On Saturday, when I was having a London rental market-related breakdown, I told my friend that I feel like I have no control over my life. She told me that’s not true, that I have control over my PhD. I laughed and laughed and laughed. It often feels like I’m failing at my PhD, that I’m never doing enough. My writing feels like a mess, I barely speak Ukrainian. I feel like I’m behind on deadlines I didn’t even know existed. Then I spend time with Ukrainian people, feel their warmth and kindness, their sweetness and encouragement of even my most basic attempts to speak their language. And I see that I have chosen to spend 3 years of my life doing work that makes people feel seen, makes people feel supported. There are plenty of things in my life that I could ascribe to fate, but my PhD isn’t one of them. It is the product of consistent choices and relentless determination. This work has always come from a place of care.
In a city like London, it is easy to isolate yourself. You can complain about the lack of community, the alienation of a city this size. Community isn’t something you fall into. It requires effort, it requires consistency, and it requires choosing to show up. You can choose to be the person who goes out of their way for others. You can choose to live your life from a place of care. You can send the “I’m thinking of you” messages, you can travel half way across the city to support your friend when they’re having a bad day, you can paint chairs for your favourite café, you can devote years of your life to a PhD in Ukrainian Studies as penance for your former interest in Russia. Being a person who cares ‘too much’ produces far more tangible results that leaving it up to fate. You get to choose your community. I have spent most of this year hovering on the edge of Ukrainian spaces, feeling like I shouldn’t be there, awkward in my linguistic limitations.

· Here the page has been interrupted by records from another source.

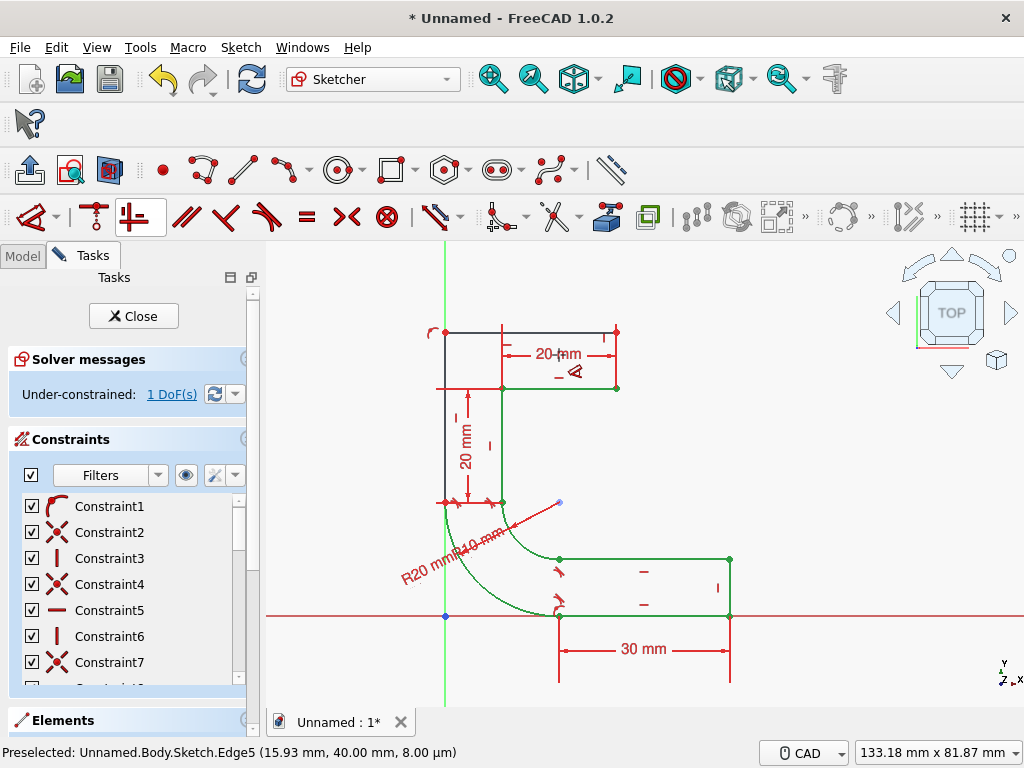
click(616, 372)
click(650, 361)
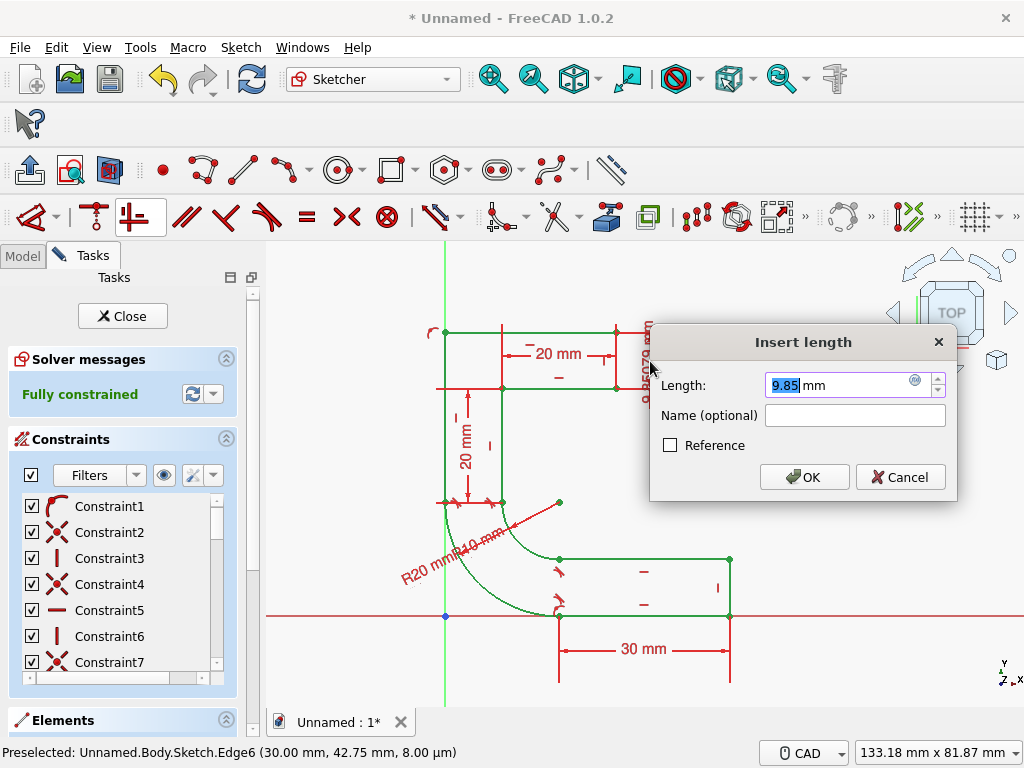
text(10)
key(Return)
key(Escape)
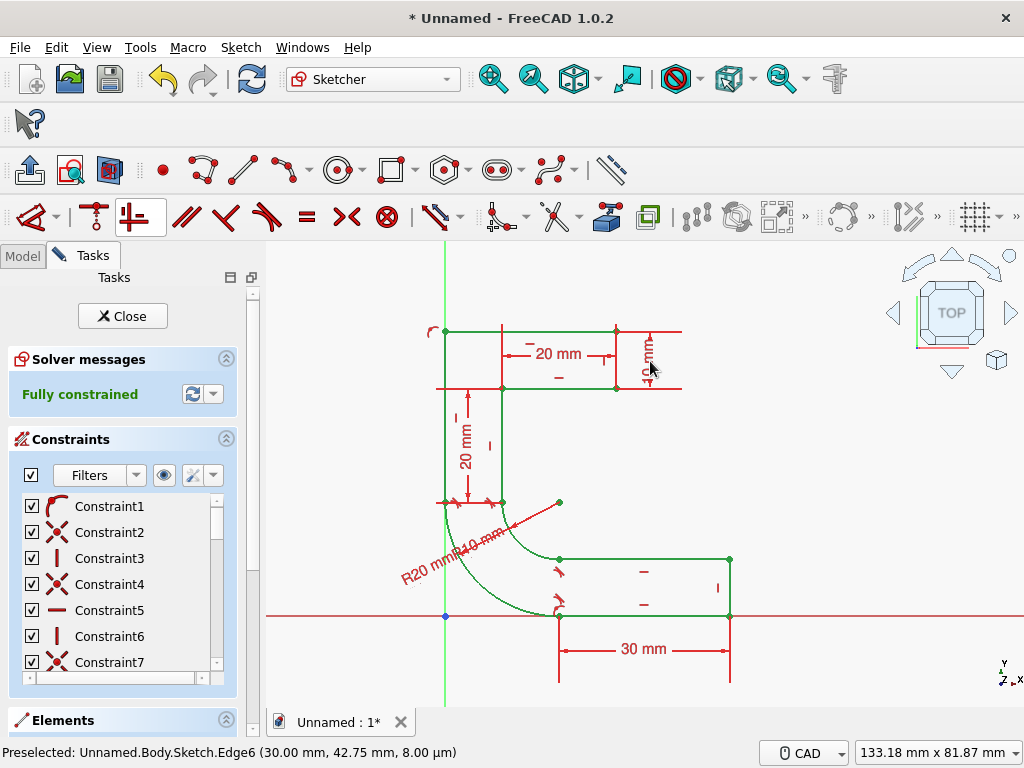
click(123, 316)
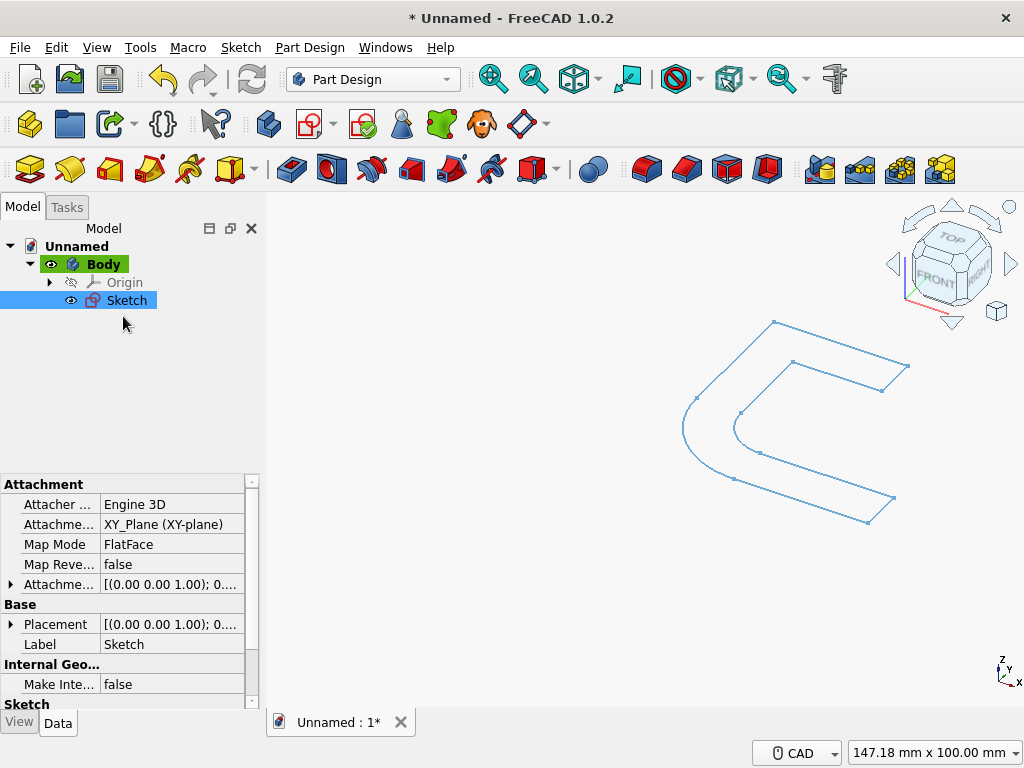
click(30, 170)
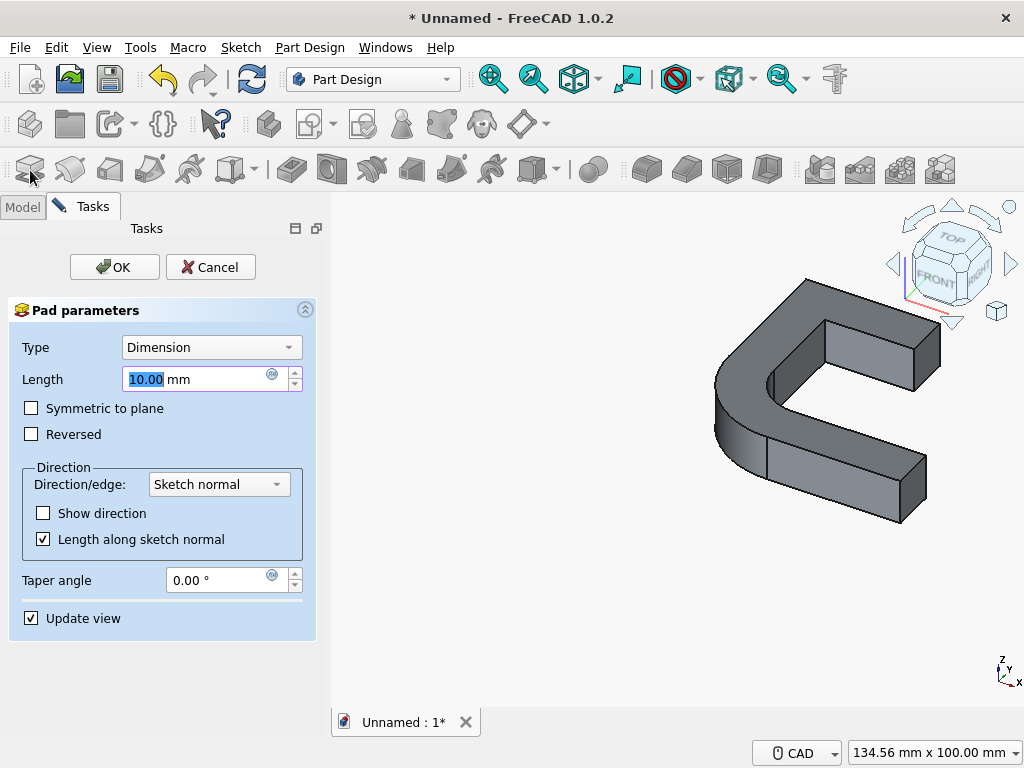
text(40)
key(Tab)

I may lurk on the sidelines, but I show up consistently. I learn the memes and the references and the protest chants and the national anthem. Every hour I have spent in a Ukrainian café— tucked away in a corner, letting the language wash over me—every protest I went to, every Ukrainian event, was me choosing a community and showing up for them. Choosing to let myself be seen, forming real, meaningful relationships with the Ukrainians in my life is one of the most important choices I have made. It has cost me my belief system, but I have gained something far more tangible than faith and fate.